RECTor: Robust and Efficient Correlation Attack on Tor
Binghui Wu, Dinil Mon Divakaran, Levente Csikor, Mohan Gurusamy
TL;DR
Addressing Tor's vulnerability to traffic correlation under noisy and partial observations, the paper introduces RECTor, a robust and scalable framework that combines attention-based Multiple Instance Learning, GRU-based temporal encoding, a Siamese embedding, and approximate nearest neighbor search. RECTor learns discriminative flow embeddings from windowed segments, enabling near-linear matching complexity and strong resilience to missing data and background noise. Empirical results show RECTor surpasses DeepCorr, DeepCOFFEA, and FlowTracker, achieving up to 60% higher true positive rates under high noise and dramatically reducing training and inference time.

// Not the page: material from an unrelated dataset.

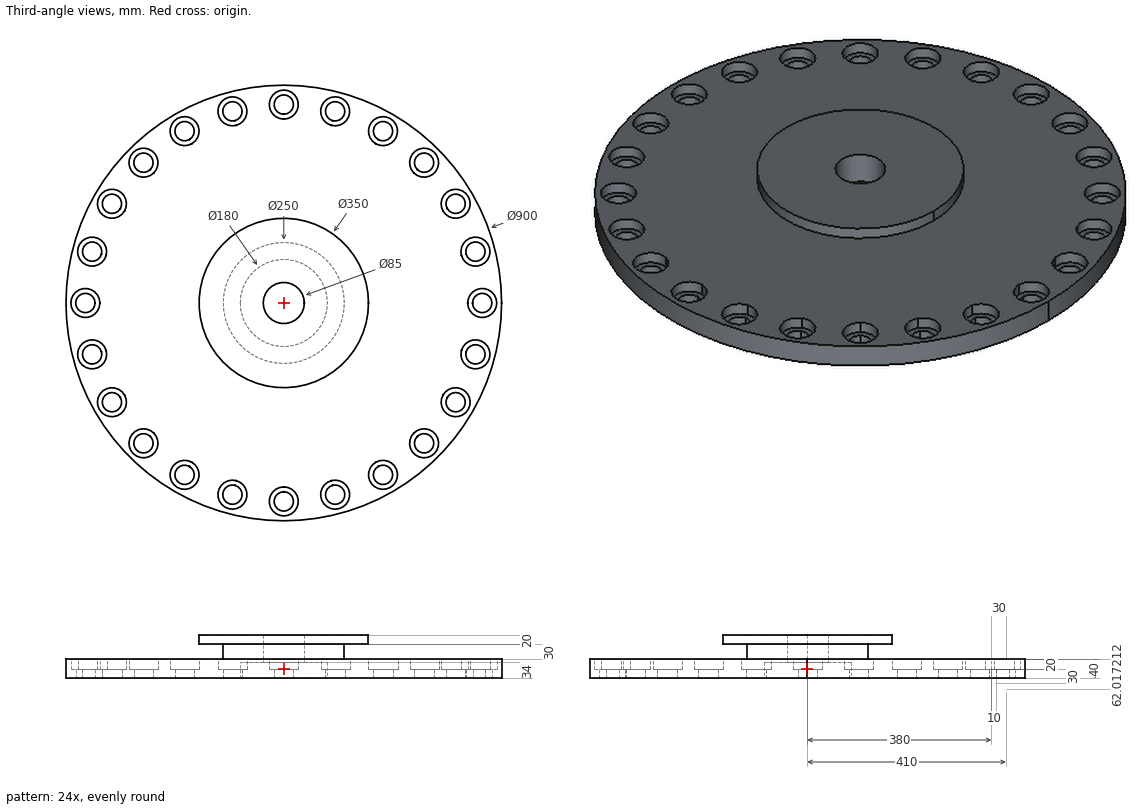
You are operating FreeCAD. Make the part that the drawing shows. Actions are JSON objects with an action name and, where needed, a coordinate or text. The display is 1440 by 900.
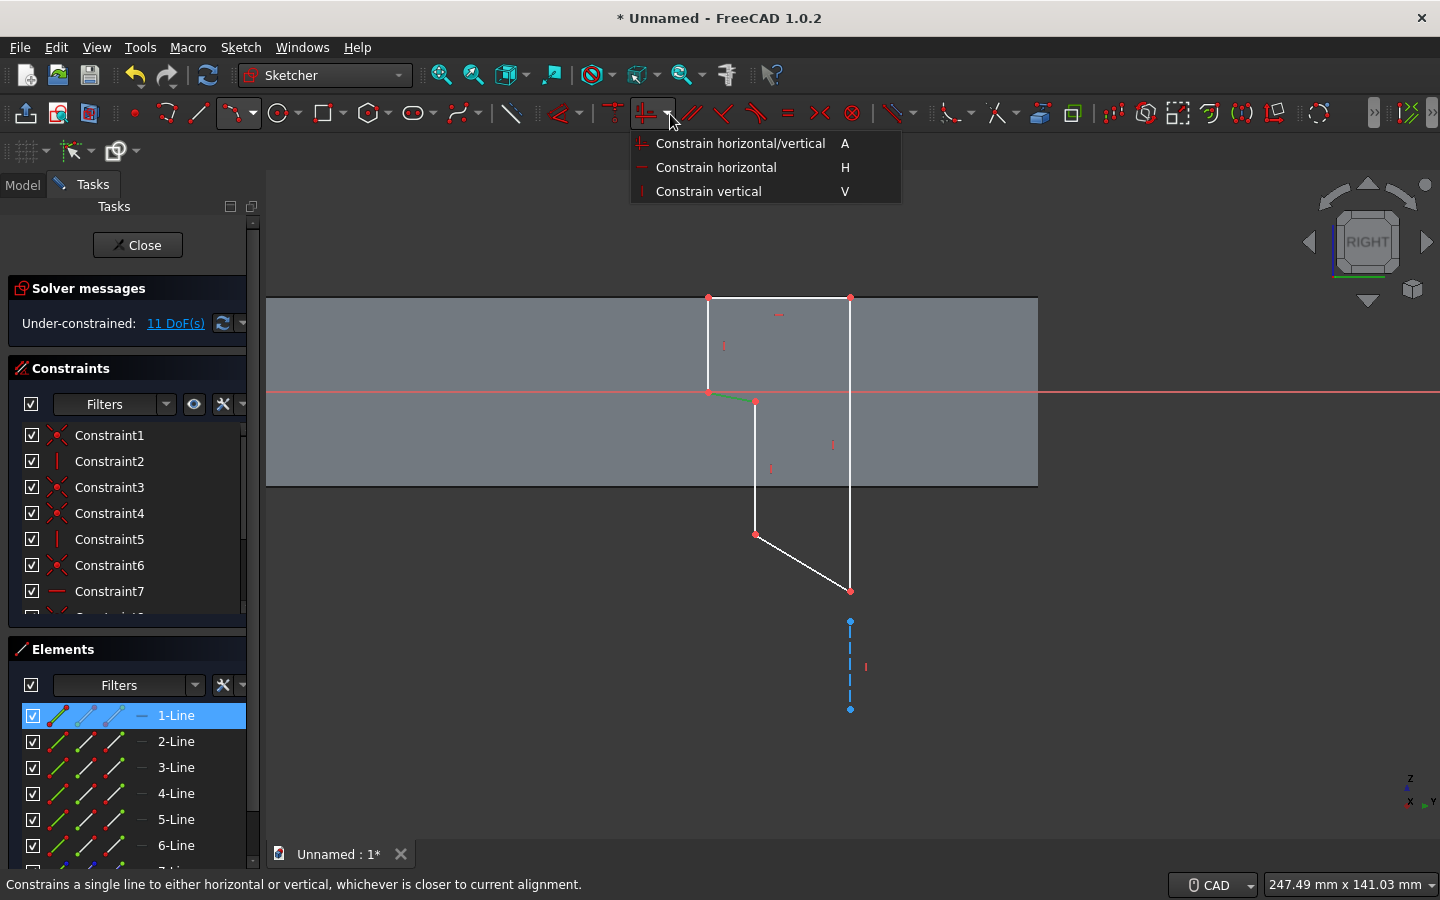
{"action": "left_click", "coordinate": [766, 167]}

The work underscores practical vulnerabilities in Tor and outlines defense directions, including learning-aware countermeasures and protocol-level flow mixing, with source code released to facilitate further research.
Abstract
Tor is a widely used anonymity network that conceals user identities by routing traffic through encrypted relays, yet it remains vulnerable to traffic correlation attacks that deanonymize users by matching patterns in ingress and egress traffic. However, existing correlation methods suffer from two major limitations: limited robustness to noise and partial observations, and poor scalability due to computationally expensive pairwise matching. To address these challenges, we propose RECTor, a machine learning-based framework for traffic correlation under realistic conditions. RECTor employs attention-based Multiple Instance Learning (MIL) and GRU-based temporal encoding to extract robust flow representations, even when traffic data is incomplete or obfuscated. These embeddings are mapped into a shared space via a Siamese network and efficiently matched using approximate nearest neighbor (aNN) search. Empirical evaluations show that RECTor outperforms state-of-the-art baselines such as DeepCorr, DeepCOFFEA, and FlowTracker, achieving up to 60% higher true positive rates under high-noise conditions and reducing training and inference time by over 50%. Moreover, RECTor demonstrates strong scalability: inference cost grows near-linearly as the number of flows increases. These findings reveal critical vulnerabilities in Tor's anonymity model and highlight the need for advanced model-aware defenses.